2019年12月19日木曜日

観音経 普門偈 その9

【原文】

若悪獣囲繞 利牙爪可怖 念彼観音力 疾走無辺方



【和訳】

若し悪獣に囲饒され、利い牙や爪を怖がる可きも、彼の観音の力を念ずるならば、無辺の方へ疾走してしまう。



【解説】

例えば、飢えたライオンの群れに囲まれてしまったと言う状況を考えると良い。ライオンが牙や爪で襲い掛かろうとする刹那、観音様と心に念じると、ライオンが急に何処かへ走り去ってしまった。そういう霊験である。人間は絶対絶命の時になると、思わず神様と言ってしまうと言われるが、その観音様版と考えると自然だ。

では、悪獣に牙や爪で襲われる事は何の例え話か考えていく。思うに、欲望が膨れ上がってしまい、居ても立ってもいられないような状況だろう。例えば、買い物で物色していたら、目に留まったアクセサリーが魅力的で、衝動的に欲しくなった。そこで、幾らだろうと値札を見るのだが、あまりに良い値段をしていてどうにも手が出そうにない。でも、欲しくてたまらない。頭がどうにかなりそう。これが悪獣に襲われている状況である。まさに恐ろしき獣と言えよう。では、どうしたら良いのかになるが、こういう時は観音様が見てると思うと良い。観音様が人々の役に立とうとしている時に、自分はアクセサリーが欲しくて身もだえるという訳にはいかない。だから、自制心が戻ってくる。完全に納得はできないかも知れないが、間を空ける事は出来るだろう。すると不思議なもので、時間が薬となって解決してくれる。欲は衝動的な場合が多いから、例えば一晩寝ると、全然欲しくなくなったりする。案外とあきらめが着くのだ。お経にある通り、襲ってきた悪獣は何処かに行ってしまうのである。こう考えて見ると、確かに欲望は何処からか来て、気付くと何処かに行ってしまっている。疾走無辺方と気づく。

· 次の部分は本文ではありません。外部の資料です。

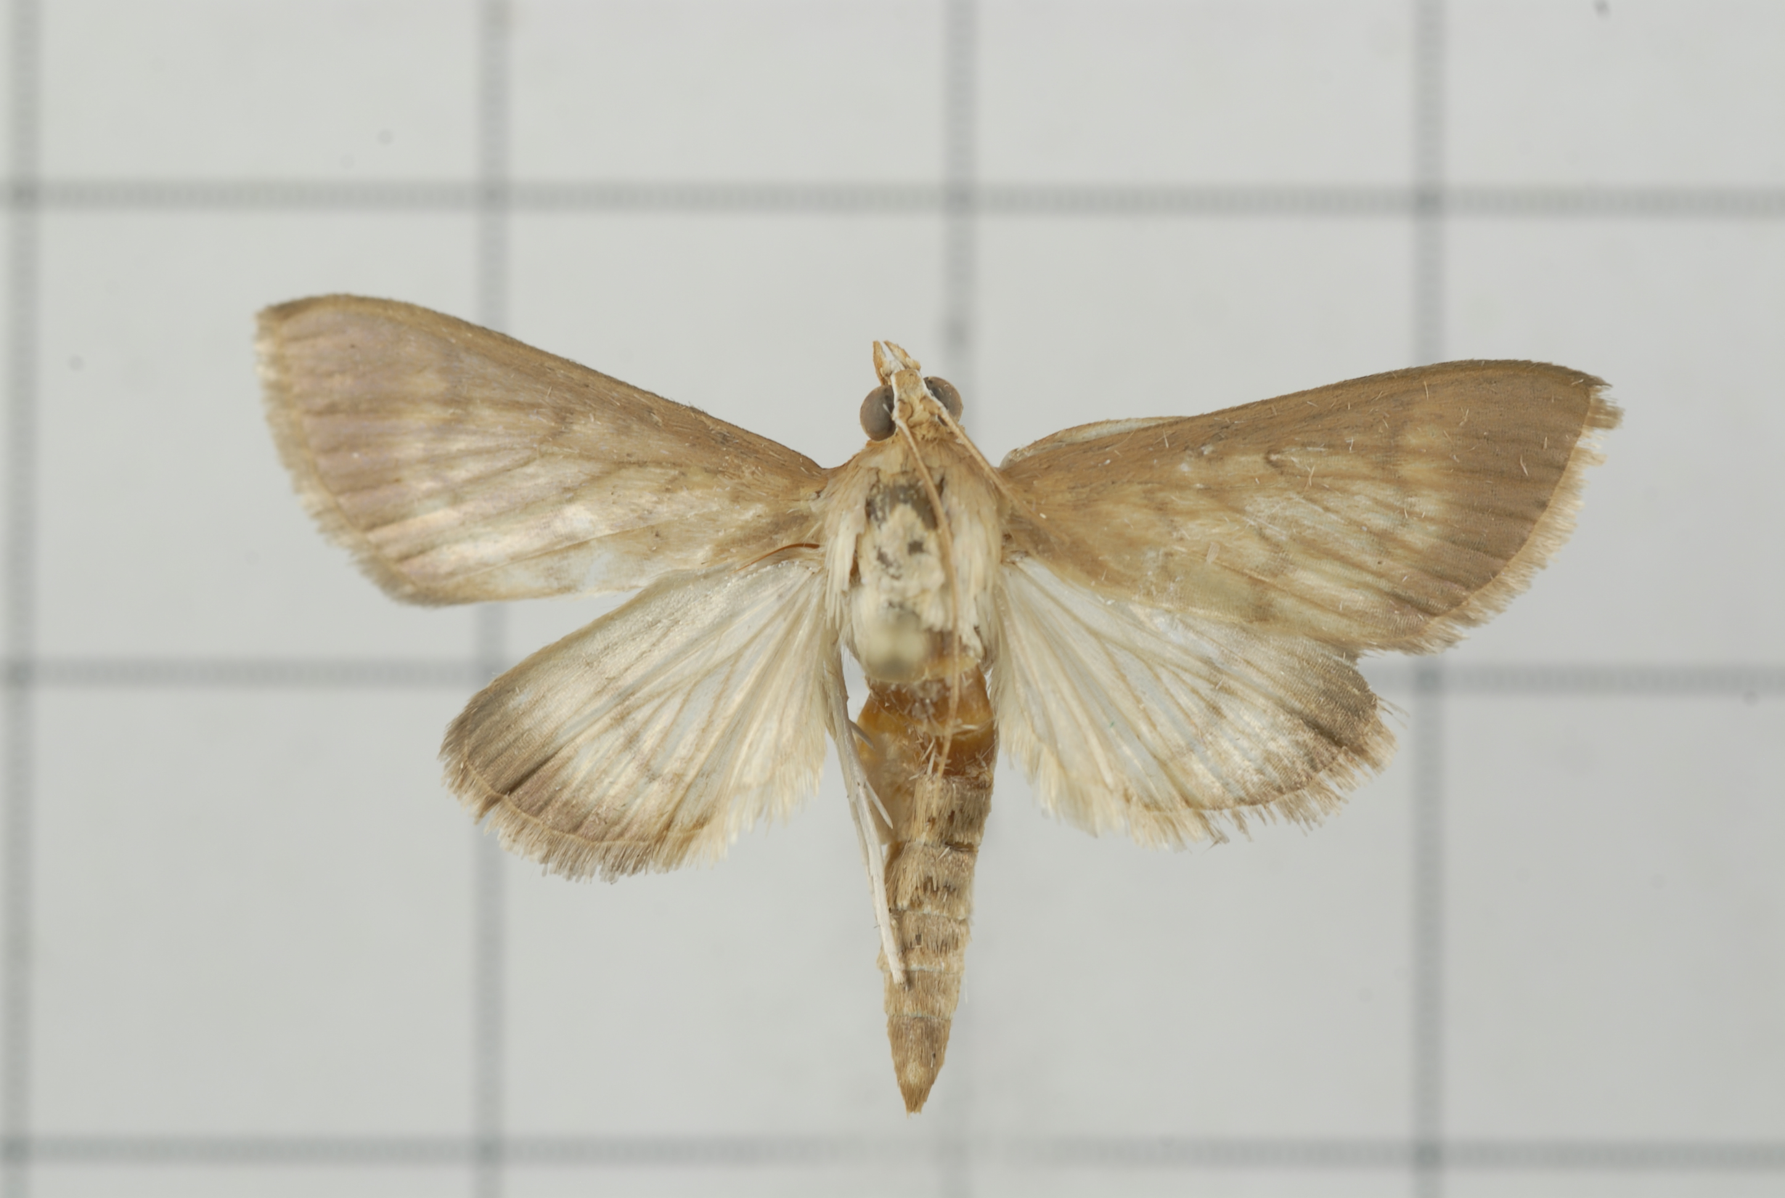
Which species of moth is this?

なお、悪獣は何処かに行ってしまっただけで、いなくなった訳では無い。またひょっこり出くわす事もあるだろう。悪獣は決していなくなるわけでは無く、常に心の森林に潜んでいる。だが、それは悪い事では無く、悪獣も自分にとって必要だから存在している。中には悪獣を消そうと思う人もいるが、悪獣を消そうと思えば、その気持ちがまた新たな悪獣を生むと知れ。




【語句の説明】

1、若は、もしと言う意味。

2、利や、切れ味が良いと言う意味。

3、無辺は、広々として果てしないと言う意味。